◆ Supplied records ◆
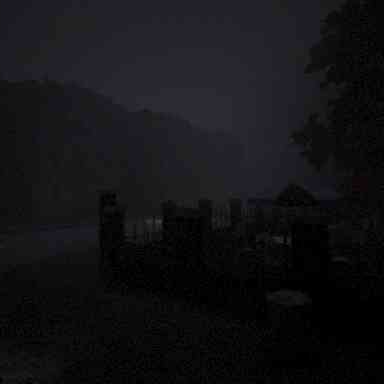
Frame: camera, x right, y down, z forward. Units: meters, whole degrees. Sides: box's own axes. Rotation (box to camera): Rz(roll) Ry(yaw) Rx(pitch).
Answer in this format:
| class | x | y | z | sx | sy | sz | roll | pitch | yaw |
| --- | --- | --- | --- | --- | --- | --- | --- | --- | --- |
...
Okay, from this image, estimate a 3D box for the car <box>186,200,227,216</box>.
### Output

--

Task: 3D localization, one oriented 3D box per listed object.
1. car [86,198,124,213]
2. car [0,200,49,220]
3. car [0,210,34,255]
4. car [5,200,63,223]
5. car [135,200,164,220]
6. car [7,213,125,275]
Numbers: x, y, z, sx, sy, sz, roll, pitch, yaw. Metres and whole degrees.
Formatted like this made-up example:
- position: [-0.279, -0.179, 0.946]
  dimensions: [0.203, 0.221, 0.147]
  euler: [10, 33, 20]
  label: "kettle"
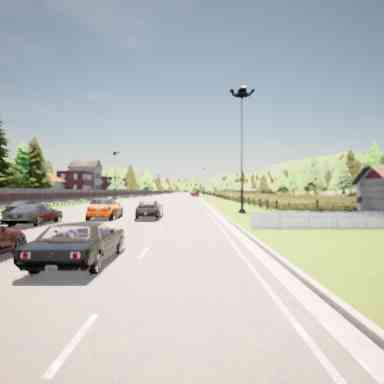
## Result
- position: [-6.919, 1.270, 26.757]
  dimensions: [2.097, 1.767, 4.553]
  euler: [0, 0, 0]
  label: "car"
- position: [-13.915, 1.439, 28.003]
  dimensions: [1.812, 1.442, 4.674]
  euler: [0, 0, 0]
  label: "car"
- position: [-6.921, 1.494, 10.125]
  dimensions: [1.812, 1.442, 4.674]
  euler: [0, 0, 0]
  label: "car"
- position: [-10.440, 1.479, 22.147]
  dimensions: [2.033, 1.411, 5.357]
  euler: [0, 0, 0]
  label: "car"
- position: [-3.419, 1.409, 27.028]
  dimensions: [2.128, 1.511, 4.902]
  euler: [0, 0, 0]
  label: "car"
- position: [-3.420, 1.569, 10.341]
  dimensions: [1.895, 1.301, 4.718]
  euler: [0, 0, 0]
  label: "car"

◆ Your instructions ◆
Write the number of lines in the data above that contain the word "this", and add nothing to it.

◆ The completed task ◆
3